• **TASK**: Where a record contains a picture, omit the picture and repeat the rest exactly.

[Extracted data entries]

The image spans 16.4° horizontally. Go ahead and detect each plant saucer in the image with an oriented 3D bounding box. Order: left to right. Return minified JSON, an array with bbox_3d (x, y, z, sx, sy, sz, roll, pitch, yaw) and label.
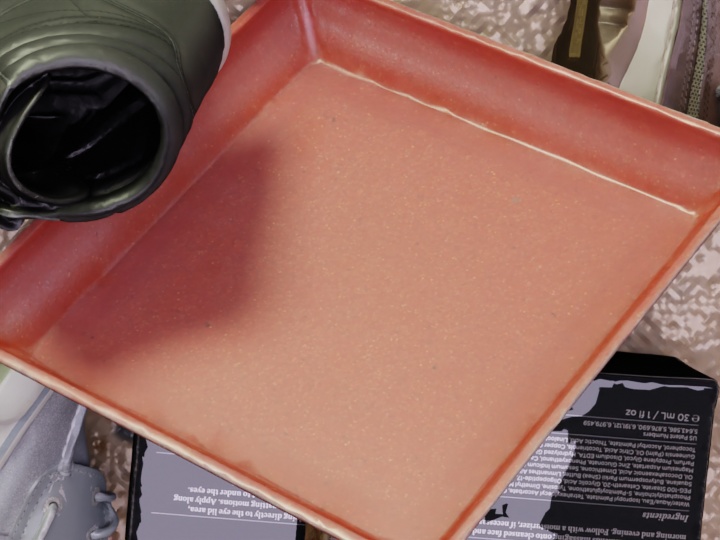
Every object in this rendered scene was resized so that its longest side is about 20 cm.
[{"bbox_3d":[0.000,0.000,0.823,0.200,0.037,0.200,24,56,29],"label":"plant saucer"}]

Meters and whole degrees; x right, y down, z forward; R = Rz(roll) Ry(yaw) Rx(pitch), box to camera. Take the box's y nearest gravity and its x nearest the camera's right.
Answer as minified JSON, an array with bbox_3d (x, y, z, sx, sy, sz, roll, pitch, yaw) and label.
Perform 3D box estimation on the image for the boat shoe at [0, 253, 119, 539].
[{"bbox_3d":[-0.126,0.087,0.892,0.071,0.070,0.201,28,96,-18],"label":"boat shoe"}]

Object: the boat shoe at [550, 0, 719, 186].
[{"bbox_3d":[0.116,-0.115,0.888,0.075,0.075,0.203,6,101,-18],"label":"boat shoe"}]

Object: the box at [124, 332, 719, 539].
[{"bbox_3d":[0.016,0.095,0.891,0.200,0.079,0.141,5,93,-5],"label":"box"}]

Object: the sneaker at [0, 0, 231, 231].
[{"bbox_3d":[-0.142,-0.049,0.819,0.200,0.099,0.071,-13,114,5],"label":"sneaker"}]

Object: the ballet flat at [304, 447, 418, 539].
[{"bbox_3d":[0.006,0.144,0.822,0.068,0.072,0.200,6,96,-5],"label":"ballet flat"}]
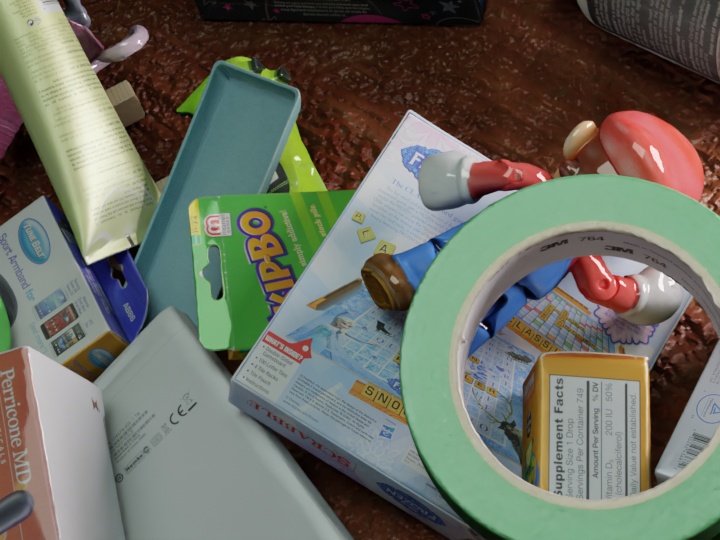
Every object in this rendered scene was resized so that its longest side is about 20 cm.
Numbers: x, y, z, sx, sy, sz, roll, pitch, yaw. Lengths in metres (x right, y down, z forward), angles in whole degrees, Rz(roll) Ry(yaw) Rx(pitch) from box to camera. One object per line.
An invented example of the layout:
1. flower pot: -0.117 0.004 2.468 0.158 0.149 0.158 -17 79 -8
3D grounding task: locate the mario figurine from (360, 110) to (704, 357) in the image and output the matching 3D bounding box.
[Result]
1. mario figurine: 0.102 -0.015 1.303 0.199 0.124 0.106 -30 33 -10

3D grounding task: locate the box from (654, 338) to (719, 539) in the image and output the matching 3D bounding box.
1. box: 0.280 0.074 1.251 0.176 0.097 0.201 18 64 24

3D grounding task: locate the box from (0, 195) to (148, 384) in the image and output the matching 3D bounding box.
1. box: -0.225 0.045 1.421 0.200 0.041 0.119 -37 54 7

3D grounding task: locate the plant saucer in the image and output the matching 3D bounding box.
1. plant saucer: -0.096 -0.024 1.411 0.070 0.019 0.201 22 91 33

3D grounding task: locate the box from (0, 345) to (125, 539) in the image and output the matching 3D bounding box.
1. box: -0.241 0.150 1.305 0.199 0.106 0.153 -18 69 13

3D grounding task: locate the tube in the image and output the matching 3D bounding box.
1. tube: -0.184 -0.102 1.429 0.058 0.052 0.201 -28 87 -1

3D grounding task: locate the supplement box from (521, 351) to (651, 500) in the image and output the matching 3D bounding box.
1. supplement box: 0.118 0.147 1.234 0.068 0.067 0.201 6 69 -4

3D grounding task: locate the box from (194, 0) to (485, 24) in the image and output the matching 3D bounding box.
1. box: -0.014 -0.248 1.532 0.199 0.115 0.133 3 59 17

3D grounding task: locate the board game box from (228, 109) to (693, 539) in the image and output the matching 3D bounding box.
1. board game box: 0.060 0.041 1.325 0.199 0.041 0.200 32 68 6

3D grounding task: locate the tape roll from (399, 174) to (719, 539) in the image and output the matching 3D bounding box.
1. tape roll: 0.120 0.053 1.196 0.199 0.048 0.202 -2 74 7

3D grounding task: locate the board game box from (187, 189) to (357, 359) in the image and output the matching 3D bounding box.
1. board game box: 0.000 0.000 1.369 0.199 0.030 0.096 -2 70 -12

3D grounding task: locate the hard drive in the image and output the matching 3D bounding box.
1. hard drive: -0.100 0.134 1.337 0.132 0.027 0.200 -45 55 8

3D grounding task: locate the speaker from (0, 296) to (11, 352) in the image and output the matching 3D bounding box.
1. speaker: -0.309 0.059 1.380 0.199 0.088 0.089 -25 53 15

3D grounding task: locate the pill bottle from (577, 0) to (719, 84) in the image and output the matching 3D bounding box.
1. pill bottle: 0.203 -0.186 1.432 0.199 0.117 0.117 30 69 29

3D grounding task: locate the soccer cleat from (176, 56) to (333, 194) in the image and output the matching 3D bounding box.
1. soccer cleat: -0.059 -0.040 1.446 0.081 0.067 0.201 -35 58 27

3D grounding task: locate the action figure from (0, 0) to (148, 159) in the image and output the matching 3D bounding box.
1. action figure: -0.245 -0.096 1.519 0.148 0.134 0.201 24 88 -10

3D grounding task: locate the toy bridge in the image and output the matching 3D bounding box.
1. toy bridge: -0.142 -0.035 1.481 0.067 0.027 0.201 -27 56 -2
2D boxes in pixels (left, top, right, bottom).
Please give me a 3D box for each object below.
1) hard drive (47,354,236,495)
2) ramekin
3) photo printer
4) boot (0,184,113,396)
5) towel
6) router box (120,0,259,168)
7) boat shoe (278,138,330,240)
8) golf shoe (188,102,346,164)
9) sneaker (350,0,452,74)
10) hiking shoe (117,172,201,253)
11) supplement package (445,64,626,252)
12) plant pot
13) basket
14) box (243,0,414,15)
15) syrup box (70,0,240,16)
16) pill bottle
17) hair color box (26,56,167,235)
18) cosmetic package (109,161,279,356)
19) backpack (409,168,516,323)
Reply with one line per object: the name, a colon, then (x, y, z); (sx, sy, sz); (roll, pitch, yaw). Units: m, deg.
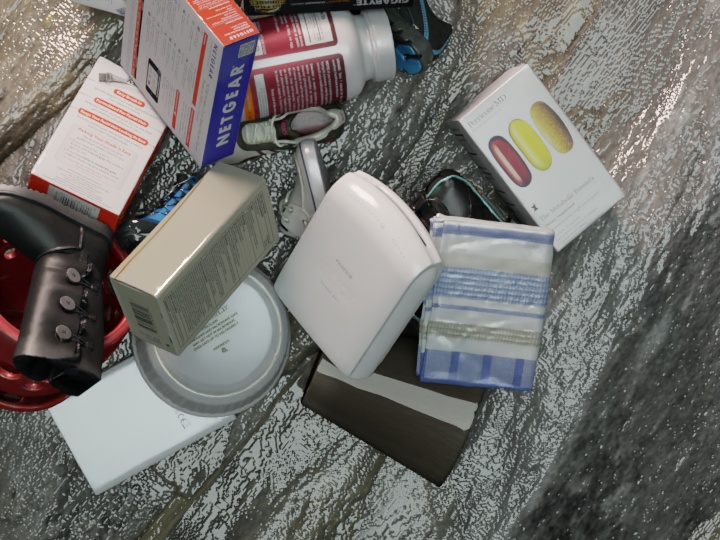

• **RESULT OF THIS TASK**:
The image spans 16.4° horizontally. Go ahead and detect each plant saucer in the image with an oriented 3D bounding box. Order: left to right. Return minified JSON, an array with bbox_3d (x, y, z, sx, sy, sz, roll, pitch, yaw) and label.
Every object in this rendered scene was resized so that its longest side is about 20 cm.
[{"bbox_3d":[0.000,0.000,0.823,0.200,0.037,0.200,24,56,29],"label":"plant saucer"}]

Meters and whole degrees; x right, y down, z forward; R = Rz(roll) Ry(yaw) Rx(pitch), box to camera. Take the box's y nearest gravity and its x nearest the camera's right.
Answer as minified JSON, an array with bbox_3d (x, y, z, sx, sy, sz, roll, pitch, yaw) and label.
Perform 3D box estimation on the image for the boat shoe at [0, 253, 119, 539].
[{"bbox_3d":[-0.126,0.087,0.892,0.071,0.070,0.201,28,96,-18],"label":"boat shoe"}]

Object: the boat shoe at [550, 0, 719, 186].
[{"bbox_3d":[0.116,-0.115,0.888,0.075,0.075,0.203,6,101,-18],"label":"boat shoe"}]

Object: the box at [124, 332, 719, 539].
[{"bbox_3d":[0.016,0.095,0.891,0.200,0.079,0.141,5,93,-5],"label":"box"}]

Object: the sneaker at [0, 0, 231, 231].
[{"bbox_3d":[-0.142,-0.049,0.819,0.200,0.099,0.071,-13,114,5],"label":"sneaker"}]

Object: the ballet flat at [304, 447, 418, 539].
[{"bbox_3d":[0.006,0.144,0.822,0.068,0.072,0.200,6,96,-5],"label":"ballet flat"}]
Every object in this rendered scene was resized so that its longest side is about 20 cm.
Numbers: x, y, z, sx, sy, sz, roll, pitch, yaw. Lengths in metres (x right, y down, z forward), angles in whole degrees, Rz(roll) Ry(yaw) Rx(pitch) from box to camera. One object per line.
An invented example of the layout:
1. flower pot: -0.117 0.004 2.468 0.158 0.149 0.158 -17 79 -8
3D grounding task: locate the mario figurine from (360, 110) to (704, 357) in the image and output the matching 3D bounding box.
[Result]
1. mario figurine: 0.102 -0.015 1.303 0.199 0.124 0.106 -30 33 -10

3D grounding task: locate the box from (654, 338) to (719, 539) in the image and output the matching 3D bounding box.
1. box: 0.280 0.074 1.251 0.176 0.097 0.201 18 64 24

3D grounding task: locate the box from (0, 195) to (148, 384) in the image and output the matching 3D bounding box.
1. box: -0.225 0.045 1.421 0.200 0.041 0.119 -37 54 7

3D grounding task: locate the plant saucer in the image and output the matching 3D bounding box.
1. plant saucer: -0.096 -0.024 1.411 0.070 0.019 0.201 22 91 33

3D grounding task: locate the box from (0, 345) to (125, 539) in the image and output the matching 3D bounding box.
1. box: -0.241 0.150 1.305 0.199 0.106 0.153 -18 69 13

3D grounding task: locate the tube in the image and output the matching 3D bounding box.
1. tube: -0.184 -0.102 1.429 0.058 0.052 0.201 -28 87 -1

3D grounding task: locate the supplement box from (521, 351) to (651, 500) in the image and output the matching 3D bounding box.
1. supplement box: 0.118 0.147 1.234 0.068 0.067 0.201 6 69 -4

3D grounding task: locate the box from (194, 0) to (485, 24) in the image and output the matching 3D bounding box.
1. box: -0.014 -0.248 1.532 0.199 0.115 0.133 3 59 17

3D grounding task: locate the board game box from (228, 109) to (693, 539) in the image and output the matching 3D bounding box.
1. board game box: 0.060 0.041 1.325 0.199 0.041 0.200 32 68 6

3D grounding task: locate the tape roll from (399, 174) to (719, 539) in the image and output the matching 3D bounding box.
1. tape roll: 0.120 0.053 1.196 0.199 0.048 0.202 -2 74 7

3D grounding task: locate the board game box from (187, 189) to (357, 359) in the image and output the matching 3D bounding box.
1. board game box: 0.000 0.000 1.369 0.199 0.030 0.096 -2 70 -12

3D grounding task: locate the hard drive in the image and output the matching 3D bounding box.
1. hard drive: -0.100 0.134 1.337 0.132 0.027 0.200 -45 55 8

3D grounding task: locate the speaker from (0, 296) to (11, 352) in the image and output the matching 3D bounding box.
1. speaker: -0.309 0.059 1.380 0.199 0.088 0.089 -25 53 15

3D grounding task: locate the pill bottle from (577, 0) to (719, 84) in the image and output the matching 3D bounding box.
1. pill bottle: 0.203 -0.186 1.432 0.199 0.117 0.117 30 69 29

3D grounding task: locate the soccer cleat from (176, 56) to (333, 194) in the image and output the matching 3D bounding box.
1. soccer cleat: -0.059 -0.040 1.446 0.081 0.067 0.201 -35 58 27

3D grounding task: locate the action figure from (0, 0) to (148, 159) in the image and output the matching 3D bounding box.
1. action figure: -0.245 -0.096 1.519 0.148 0.134 0.201 24 88 -10

3D grounding task: locate the toy bridge in the image and output the matching 3D bounding box.
1. toy bridge: -0.142 -0.035 1.481 0.067 0.027 0.201 -27 56 -2
2D boxes in pixels (left, top, right, bottom).
Please give me a 3D box for each object below.
1) hard drive (47,354,236,495)
2) ramekin
3) photo printer
4) boot (0,184,113,396)
5) towel
6) router box (120,0,259,168)
7) boat shoe (278,138,330,240)
8) golf shoe (188,102,346,164)
9) sneaker (350,0,452,74)
10) hiking shoe (117,172,201,253)
11) supplement package (445,64,626,252)
12) plant pot
13) basket
14) box (243,0,414,15)
15) syrup box (70,0,240,16)
16) pill bottle
17) hair color box (26,56,167,235)
18) cosmetic package (109,161,279,356)
19) backpack (409,168,516,323)
Reply with one line per object: the name, a colon, then (x, y, z); (sx, sy, sz); (roll, pitch, yaw). Units: m, deg.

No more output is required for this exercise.